Zengin'den tepki: “Hasta demeden eleştirilebilirsiniz”
AK Parti'li Zengin, Bakan'a yönelik "hasta" ifadesini kınadı. “Eleştiri elbette yapılabilir ama hakaret etmeden. Sayın Bakanımız görevini büyük bir ciddiyetle yürütmektedir. Toplantılarda jammer kullandığına dair bir bilgi yok. Sadece gerektiğinde, güvenlik amaçlı olarak yolculuklarda kullanılabilir” dedi.
“Koruma talebim reddedildi, tehdit altındayım”
Başarır ise söz hakkı alarak kişisel güvenliğine ilişkin çarpıcı bir açıklamada bulundu: “Son haftalarda ciddi tehditler aldım. Ailem de koruma talep etti ama reddedildi. Buna karşılık bazı dini grupların önderlerine çakarlı araç ve koruma veriliyor. Bu nasıl bir adalet anlayışı?” dedi.

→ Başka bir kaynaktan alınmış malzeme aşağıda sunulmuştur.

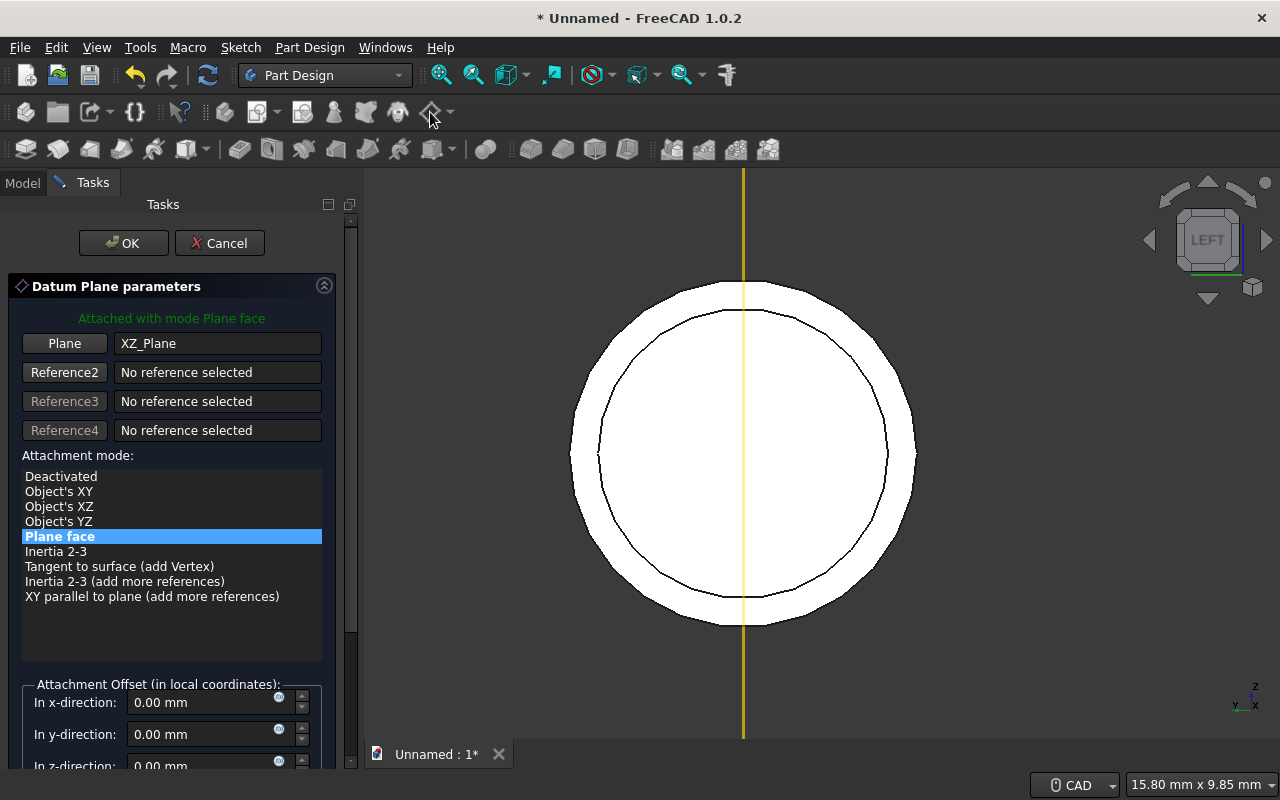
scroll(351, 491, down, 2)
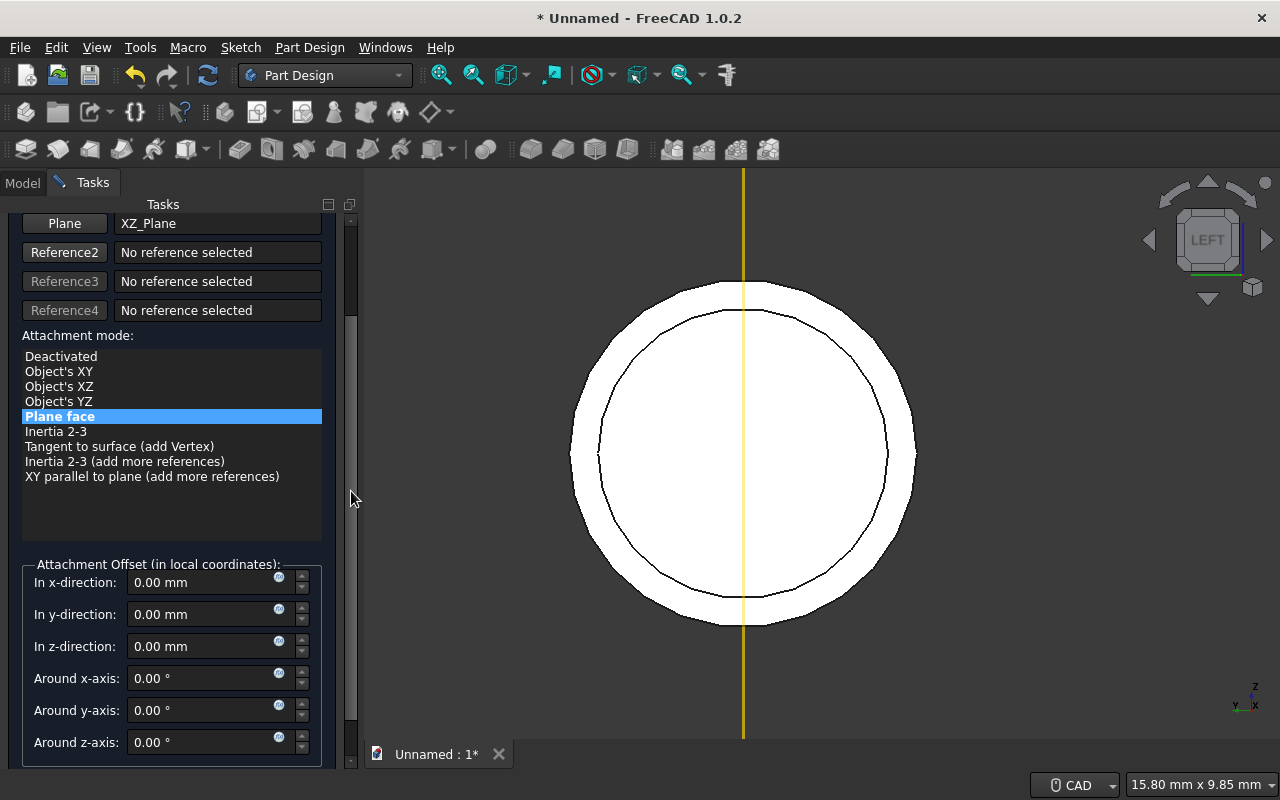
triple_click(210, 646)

Meclis'te tartışmalar devam edecek gibi
Gergin geçen oturumda taraflar arasında zaman zaman tansiyon yükseldi. Meclis Başkanvekili Bekir Bozdağ, milletvekillerinin 1 dakikalık konuşmalarının ardından doğan polemiklerin grup başkanvekili düzeyinde cevaplandırılacağını duyurdu.